Ahead of the tour, Sri Lanka Cricket (SLC) named Dinesh Chandimal as the captain of the Test side. However, Chandimal faced disciplinary charges, for his role in alleged ball-tampering during the second Test against the West Indies in Saint Lucia in June 2018. His hearing took place before the start of the first Test, with him found guilty. He received a two-match ban, with Suranga Lakmal captaining the side in his place. After the conclusion of the first Test, the independent Judicial Commissioner handed down a further eight suspension points to Chandimal, meaning that he was also suspended for the first four ODIs of the series.

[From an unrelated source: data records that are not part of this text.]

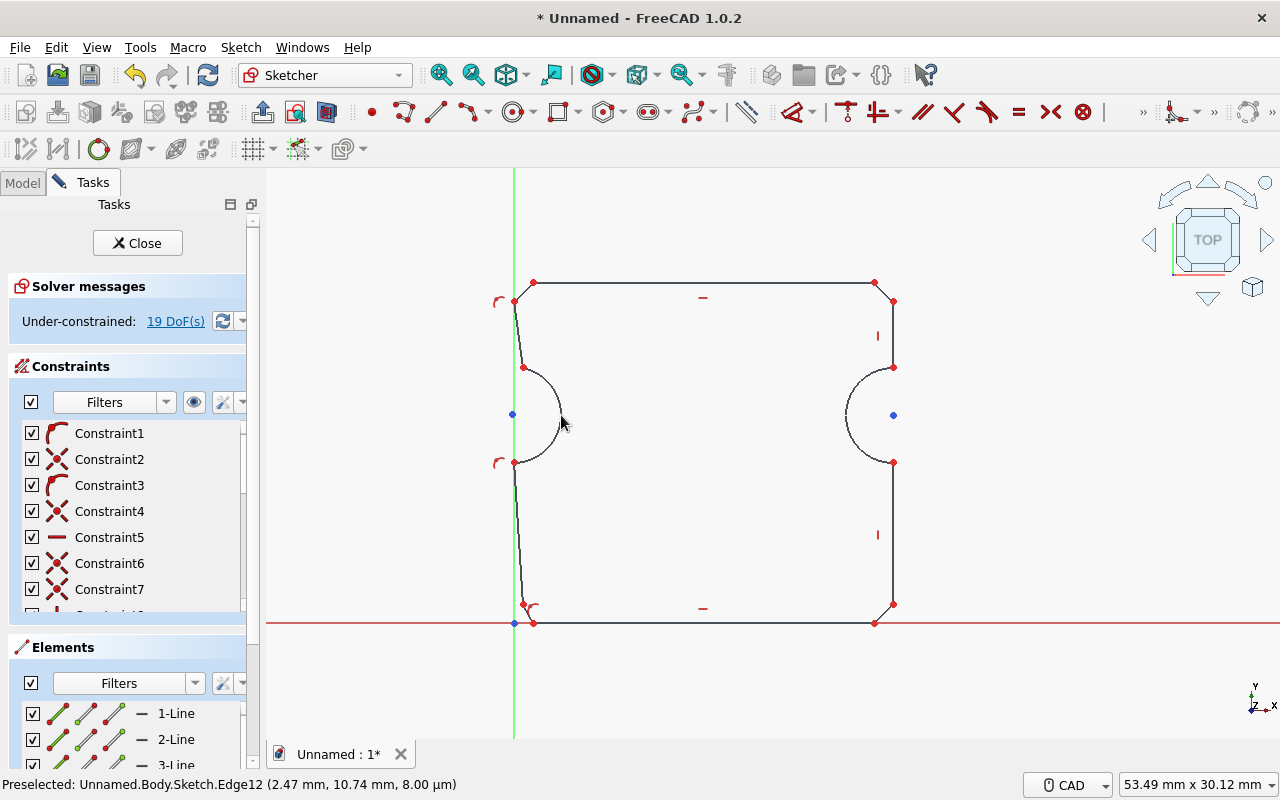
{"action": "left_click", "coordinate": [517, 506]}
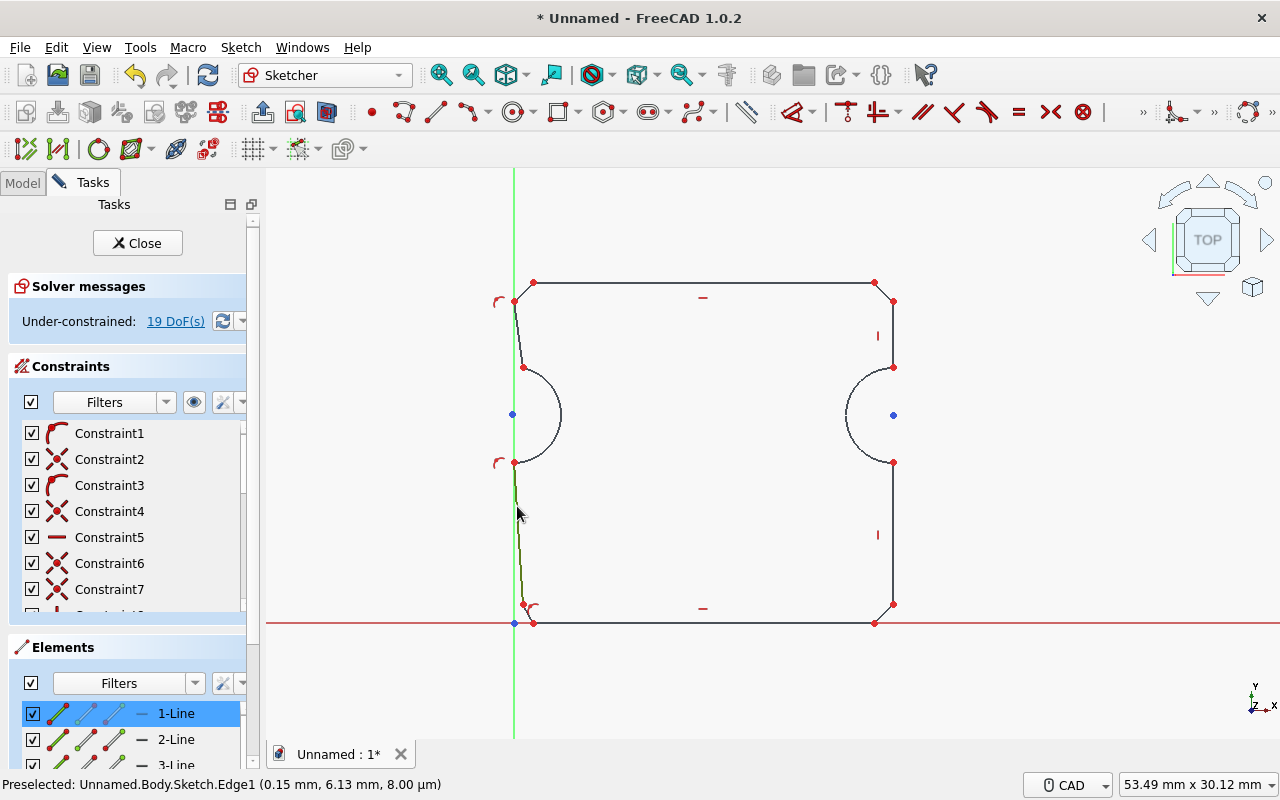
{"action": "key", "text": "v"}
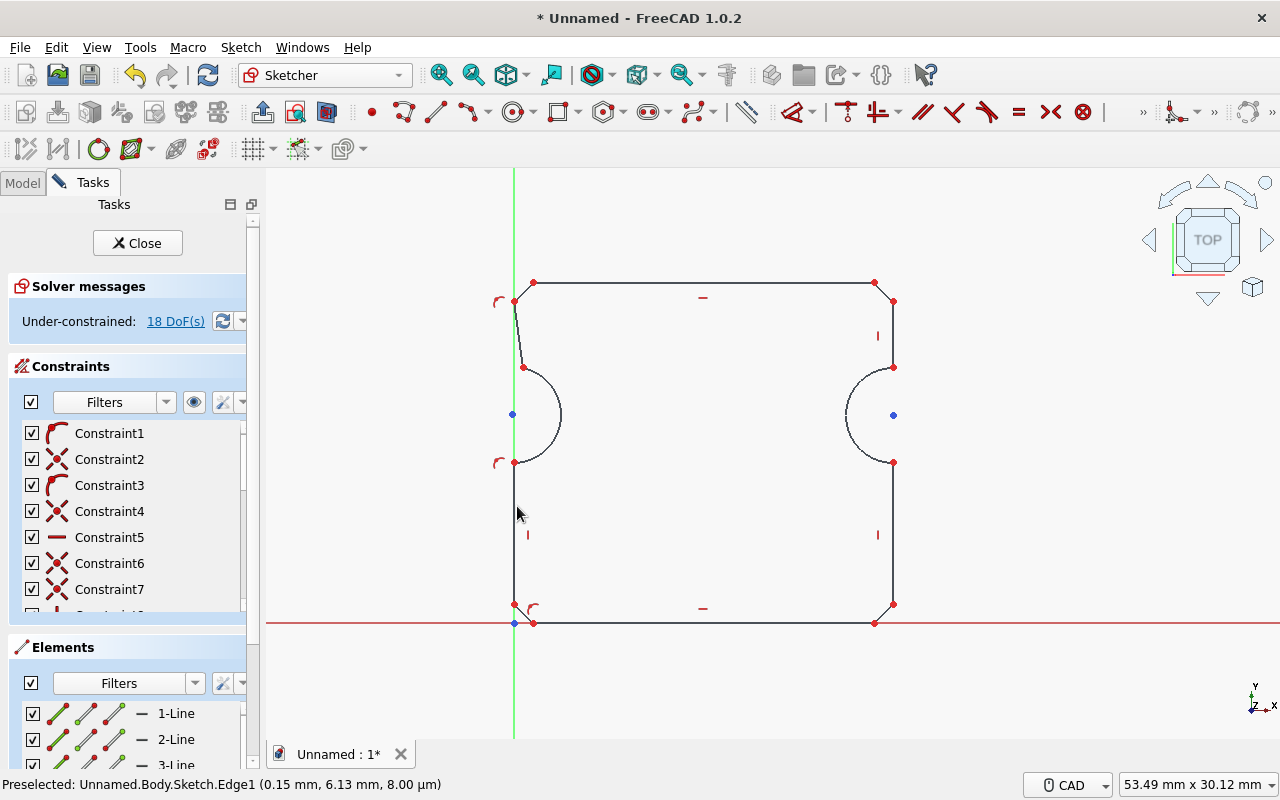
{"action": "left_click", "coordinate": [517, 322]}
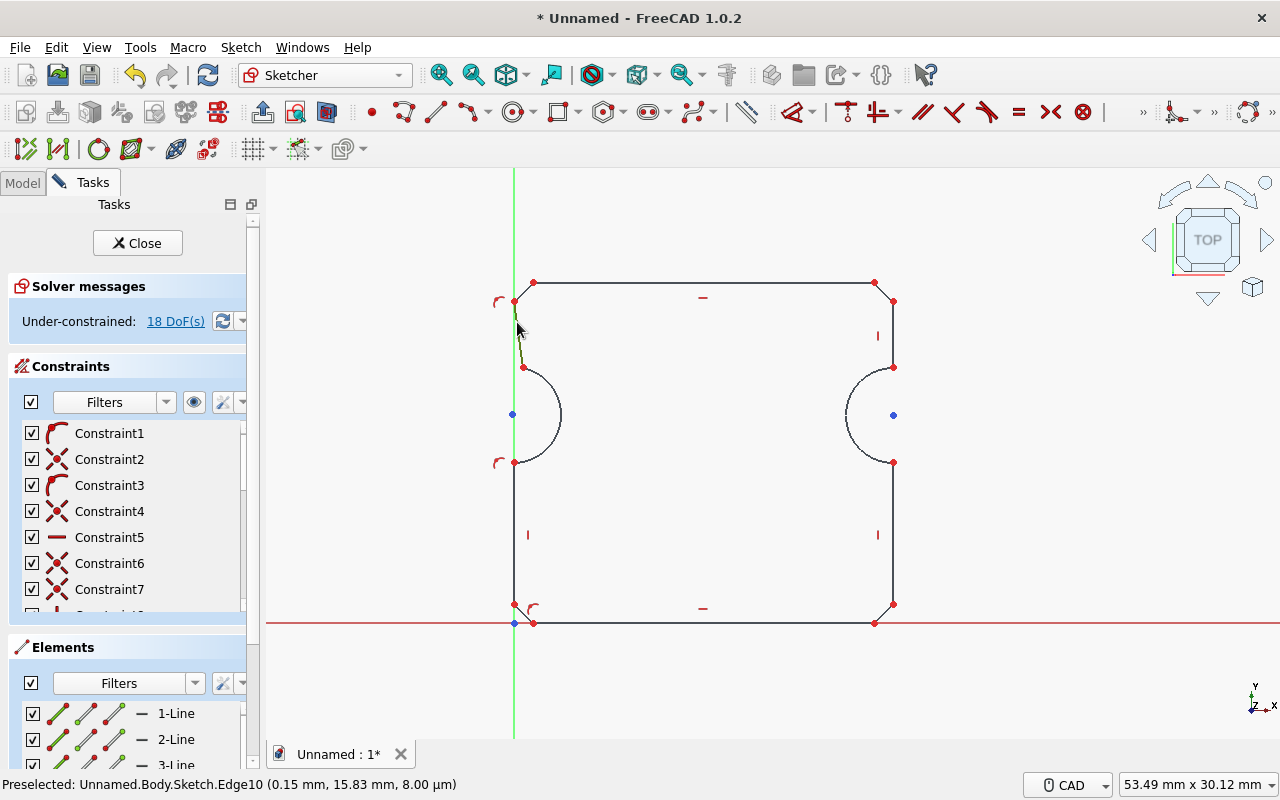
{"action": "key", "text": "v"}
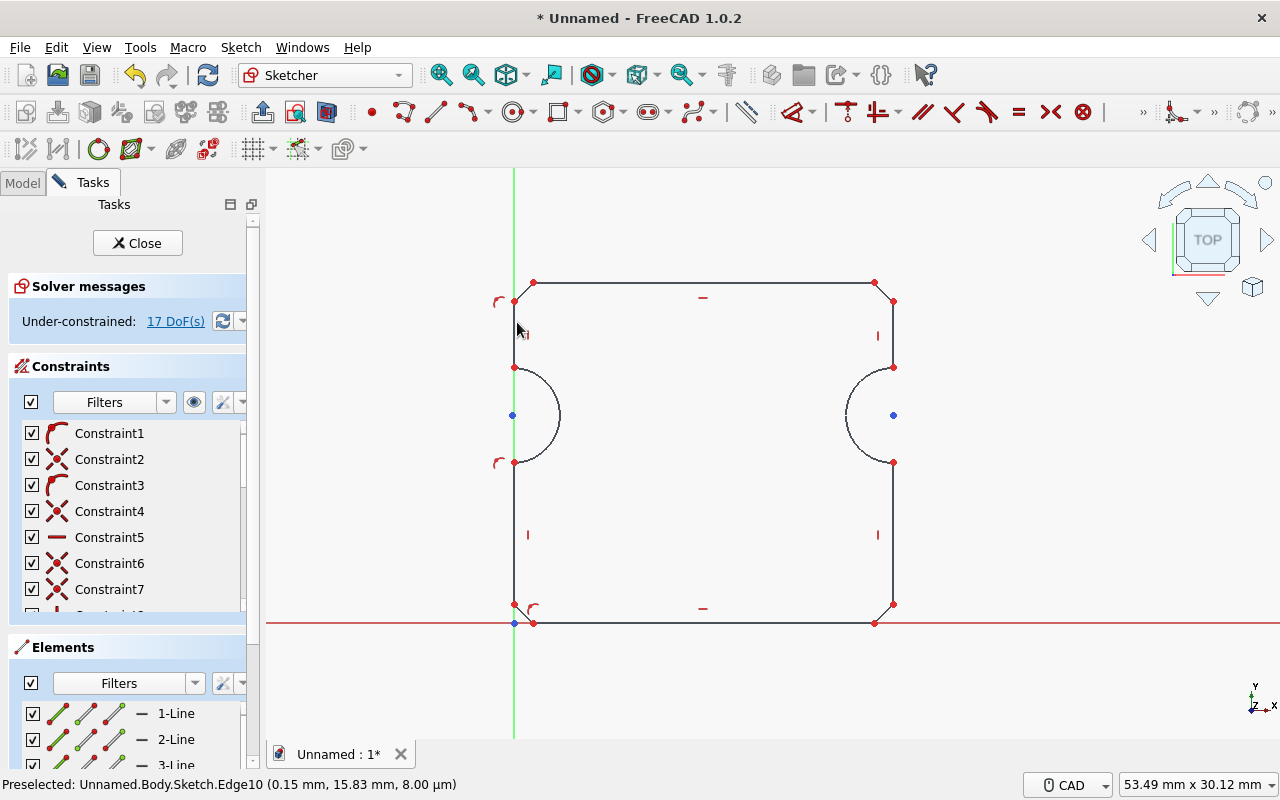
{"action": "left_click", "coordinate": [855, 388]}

Sri Lanka won the Test series 2–0.

During the ODI series, South Africa's captain, Faf du Plessis, injured himself during the third match and was ruled out of the rest of the tour, including the one-off T20I fixture. Quinton de Kock was named as the captain of South Africa for the last two ODIs of the series. JP Duminy was also named as the captain of the team for the T20I match. South Africa won the ODI series 3–2. Sri Lanka won the one-off T20I match by three wickets.

==Squads==

| Tests |  | ODIs |  | T20Is |  |
|---|---|---|---|---|---|
| Sri Lanka | South Africa | Sri Lanka | South Africa | Sri Lanka | South Africa |
| Dinesh Chandimal(c); Suranga Lakmal (c); Akila Dananjaya; Dhananjaya de Silva; Niroshan Dickwella (wk); Danushka Gunathilaka; Rangana Herath; Dimuth Karunaratne; Lahiru Kumara; Angelo Mathews; Kusal Mendis; Dilruwan Perera; Kusal Perera; Kasun Rajitha; Lakshan Sandakan; Roshen Silva; | Faf du Plessis (c); Hashim Amla; Temba Bavuma; Theunis de Bruyn; Quinton de Kock (wk); Dean Elgar; Heinrich Klaasen; Keshav Maharaj; Aiden Markram; Lungisani Ngidi; Vernon Philander; Kagiso Rabada; Tabraiz Shamsi; Dale Steyn; Shaun von Berg; | Angelo Mathews (c); Akila Dananjaya; Dhananjaya de Silva; Niroshan Dickwella (wk); Prabath Jayasuriya; Shehan Jayasuriya; Lahiru Kumara; Suranga Lakmal; Kusal Mendis; Kusal Perera; Thisara Perera; Kasun Rajitha; Lakshan Sandakan; Dasun Shanaka; Upul Tharanga; | Faf du Plessis (c); Hashim Amla; Junior Dala; Quinton de Kock (wk); JP Duminy; Reeza Hendricks; Heinrich Klaasen; Keshav Maharaj; Aiden Markram; David Miller; Wiaan Mulder; Lungi Ngidi; Andile Phehlukwayo; Kagiso Rabada; Tabraiz Shamsi; | Angelo Mathews (c); Dinesh Chandimal (wk); Akila Dananjaya; Dhananjaya de Silva; Binura Fernando; Shehan Jayasuriya; Lahiru Kumara; Shehan Madushanka; Kusal Mendis; Kusal Perera; Thisara Perera; Kasun Rajitha; Lakshan Sandakan; Dasun Shanaka; Upul Tharanga; Isuru Udana; Jeffrey Vandersay; | JP Duminy (c); Hashim Amla; Junior Dala; Quinton de Kock (wk); Reeza Hendricks; Heinrich Klaasen; Keshav Maharaj; Aiden Markram; David Miller; Wiaan Mulder; Lungi Ngidi; Andile Phehlukwayo; Kagiso Rabada; Tabraiz Shamsi; |

Sri Lanka named Dimuth Karunaratne, Nishan Peiris, Isuru Udana and Jeffrey Vandersay as standby players for the ODI series. The day before the one-off T20I fixture, Isuru Udana and Kasun Rajitha were added to Sri Lanka's squad for the match.